8.       DEVELOPER SUPPORT

         8.1.     Software developers developing software to work in conjunction
                  with PaperPort for Hewlett-Packard-specific solutions are
                  allowed to join the Visioneer PaperPort Partners Program and,
                  upon completion of the same license agreement used by
                  Visioneer, to receive the same products and services at the
                  same cost as Visioneer's own developer customers. This
                  includes all versions of the PaperPort software developer's
                  kit, access to any Visioneer developer hotline and all other
                  developer support mechanisms, proactive worldwide technical
                  support and any other developer specific programs Visioneer
                  may have in place from time to time.

9.       TRAINING

         9.1.     Visioneer and HP recognize and acknowledge the importance of
                  providing training to each other regarding specific Programs
                  covered by the Agreement.

         9.2.     Training Materials

                  9.2.1.   Visioneer will develop training materials that cover
                           the information required to adequately support the
                           Programs supplied. HP expects that, at a minimum,
                           this will be the same level of training Visioneerthat
                           the other party provides to its own support staff.

                  9.2.2.   HP will honor reasonable requests from Visioneer to
                           provide basic training on HP Programs to facilitate
                           Visioneer's customer support efforts. The

                                      -4-
<PAGE>   36
                           scope and timing of such training will be mutually
                           agreed upon by both companies' support
                           representatives.

         9.3.     Location and Timing of Training

                  9.3.1.   To ensure adequate customer support, Visioneer's
                           training of HP personnel will be provided no later
                           than two months prior to HP's product introduction
                           date. The training will be held at mutually agreeable
                           locations for a mutually agreeable period appropriate
                           to the Program.

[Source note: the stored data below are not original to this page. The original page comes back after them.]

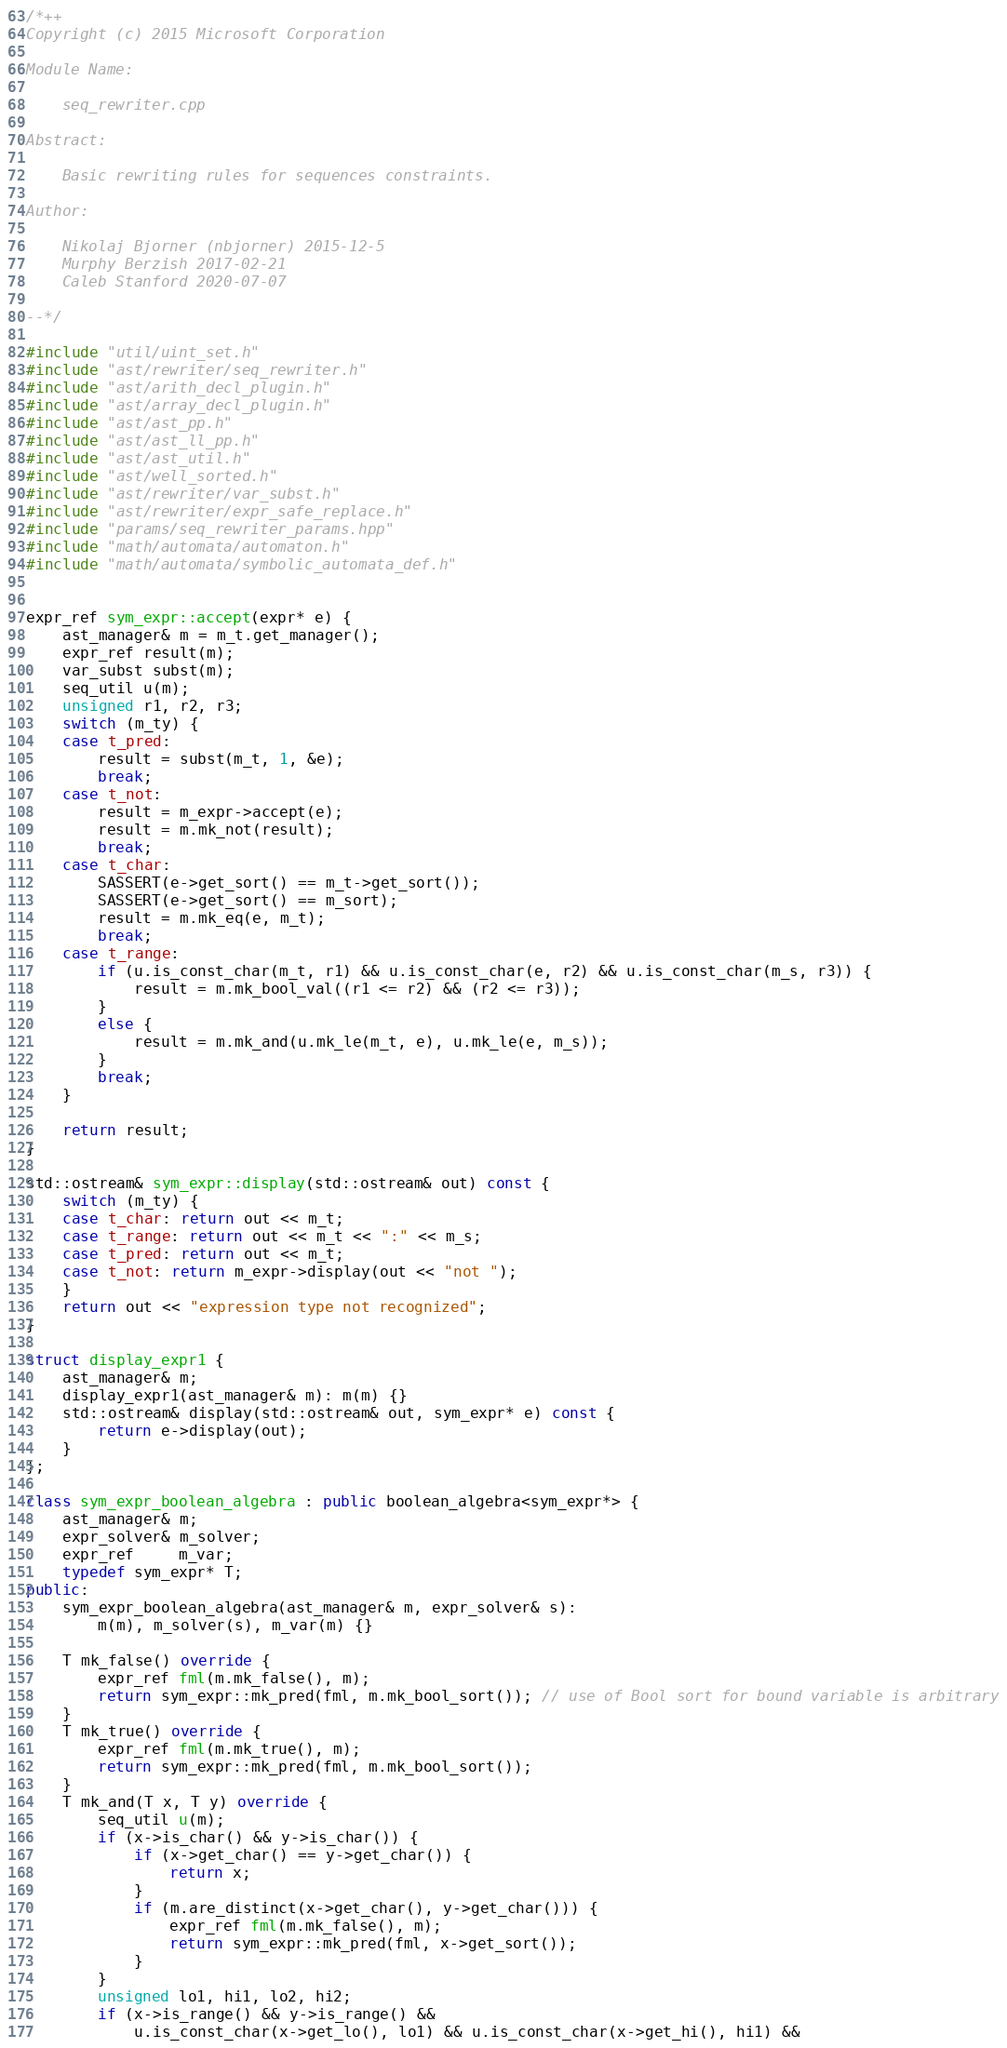Convert code to text. <code><loc_0><loc_0><loc_500><loc_500><_C++_>/*++
Copyright (c) 2015 Microsoft Corporation

Module Name:

    seq_rewriter.cpp

Abstract:

    Basic rewriting rules for sequences constraints.

Author:

    Nikolaj Bjorner (nbjorner) 2015-12-5
    Murphy Berzish 2017-02-21
    Caleb Stanford 2020-07-07

--*/

#include "util/uint_set.h"
#include "ast/rewriter/seq_rewriter.h"
#include "ast/arith_decl_plugin.h"
#include "ast/array_decl_plugin.h"
#include "ast/ast_pp.h"
#include "ast/ast_ll_pp.h"
#include "ast/ast_util.h"
#include "ast/well_sorted.h"
#include "ast/rewriter/var_subst.h"
#include "ast/rewriter/expr_safe_replace.h"
#include "params/seq_rewriter_params.hpp"
#include "math/automata/automaton.h"
#include "math/automata/symbolic_automata_def.h"


expr_ref sym_expr::accept(expr* e) {
    ast_manager& m = m_t.get_manager();
    expr_ref result(m);
    var_subst subst(m);
    seq_util u(m);
    unsigned r1, r2, r3;
    switch (m_ty) {
    case t_pred:         
        result = subst(m_t, 1, &e);
        break;    
    case t_not:
        result = m_expr->accept(e);
        result = m.mk_not(result);
        break;
    case t_char:
        SASSERT(e->get_sort() == m_t->get_sort());
        SASSERT(e->get_sort() == m_sort);
        result = m.mk_eq(e, m_t);
        break;
    case t_range: 
        if (u.is_const_char(m_t, r1) && u.is_const_char(e, r2) && u.is_const_char(m_s, r3)) {
            result = m.mk_bool_val((r1 <= r2) && (r2 <= r3));            
        }
        else {
            result = m.mk_and(u.mk_le(m_t, e), u.mk_le(e, m_s));
        }
        break;
    }
    
    return result;
}

std::ostream& sym_expr::display(std::ostream& out) const {
    switch (m_ty) {
    case t_char: return out << m_t;
    case t_range: return out << m_t << ":" << m_s;
    case t_pred: return out << m_t;
    case t_not: return m_expr->display(out << "not ");
    }
    return out << "expression type not recognized";
}

struct display_expr1 {
    ast_manager& m;
    display_expr1(ast_manager& m): m(m) {}
    std::ostream& display(std::ostream& out, sym_expr* e) const {
        return e->display(out);
    }
};

class sym_expr_boolean_algebra : public boolean_algebra<sym_expr*> {
    ast_manager& m;
    expr_solver& m_solver;
    expr_ref     m_var;
    typedef sym_expr* T;
public:
    sym_expr_boolean_algebra(ast_manager& m, expr_solver& s): 
        m(m), m_solver(s), m_var(m) {}

    T mk_false() override {
        expr_ref fml(m.mk_false(), m);
        return sym_expr::mk_pred(fml, m.mk_bool_sort()); // use of Bool sort for bound variable is arbitrary
    }
    T mk_true() override {
        expr_ref fml(m.mk_true(), m);
        return sym_expr::mk_pred(fml, m.mk_bool_sort());
    }
    T mk_and(T x, T y) override {
        seq_util u(m);
        if (x->is_char() && y->is_char()) {
            if (x->get_char() == y->get_char()) {
                return x;
            }
            if (m.are_distinct(x->get_char(), y->get_char())) {
                expr_ref fml(m.mk_false(), m);
                return sym_expr::mk_pred(fml, x->get_sort());
            }
        }
        unsigned lo1, hi1, lo2, hi2;
        if (x->is_range() && y->is_range() &&
            u.is_const_char(x->get_lo(), lo1) && u.is_const_char(x->get_hi(), hi1) &&</code> 
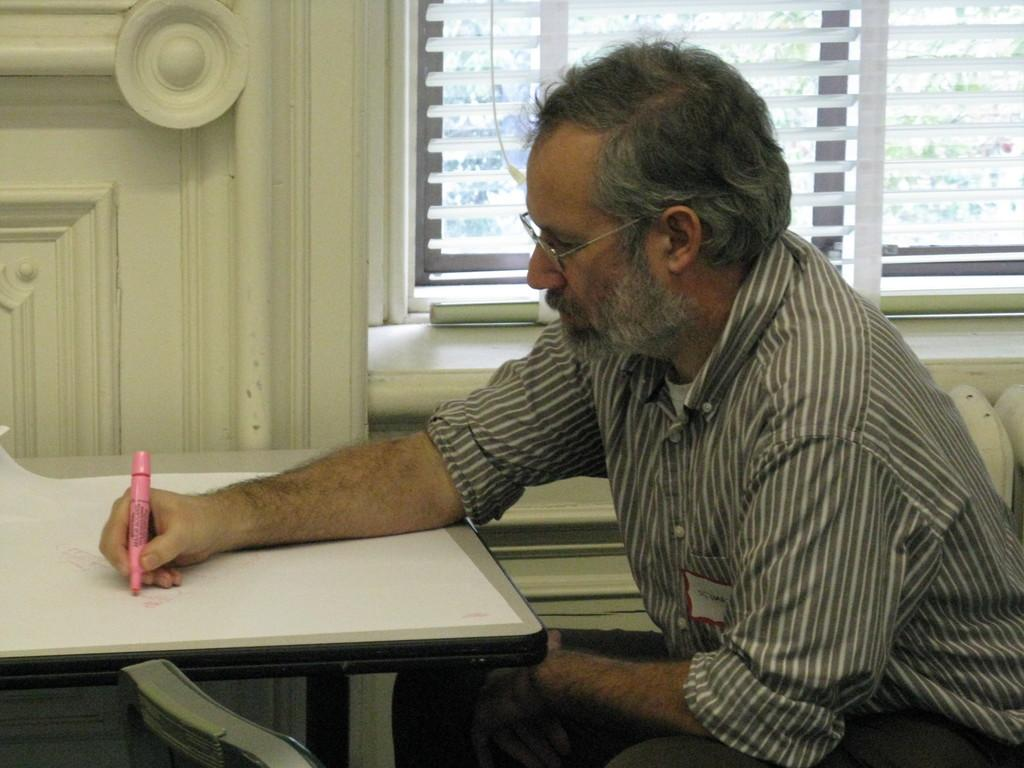What is the man in the image doing? The man is drawing on a paper. What is the man holding in the image? The man is holding a marker. What is the man wearing that helps him see better? The man is wearing glasses (specs). What is in front of the man while he is drawing? There is a table in front of the man. What can be seen in the background of the image? There is a wooden wall and a window in the background. What type of brass instrument is the man playing in the image? There is no brass instrument present in the image; the man is drawing on a paper with a marker. What type of yam is the man using to draw on the paper? There is no yam present in the image; the man is using a marker to draw on the paper.

         9.4.     Scope of Training

                  9.4.1.   This training will include, but not be limited to,
                           all Program features and functions, customer
                           usability, and advanced troubleshooting based on
                           customer support history. Visioneer will be expected
                           to train a group of "trainers" from each HP division
                           that is using or supporting the Program.

                  9.4.2.   HP may further request and Visioneer shall provide
                           additional training as reasonably necessary to inform
                           all personnel of new program versions or
                           enhancements.

         9.5.     All initial and subsequent training shall be provided at no
                  charge to the other party, other than to cover reasonable
                  travel, lodging and other travel-related costs.

         9.6.     Material Rights

                  9.6.1.   Visioneer grants HP the royalty-free rights to modify
                           reproduce and use all training classes, methods and
                           materials supplied or developed by the other party
                           pursuant to this Agreement.

                  9.6.2.   Visioneer restricts the use of such materials to
                           training HP employees or to agents contracted by HP
                           for the purpose of selling or supporting HP products.

10.      POST-INTRODUCTION BUG-FIX -- PROGRAM REVISIONS

         10.1.    Program Revision Criteria

                  10.1.1.  In the event that defects are discovered at any point
                           after the introduction of the Program with an HP
                           product, Visioneer and HP agree to use judgment and
                           best efforts to determine the need and timing for a
                           formal software revision. This determination will, at
                           a minimum, consider the following:

                           10.1.1.1. XXXXX

                           10.1.1.2. XXXXX

                                      -5-
<PAGE>   37
                           10.1.1.3. XXXXX;

                           10.1.1.4. XXXXX

                           10.1.1.5. XXXXX

         10.2.    Timing for Revisions

                  10.2.1.  Non-critical defects

                           10.2.1.1. Bug Fixes to defects impacting both
                                    Visioneer and HP Programs will be made
                                    available to HP in accordance with
                                    Visioneer's regular software maintenance
                                    cycle.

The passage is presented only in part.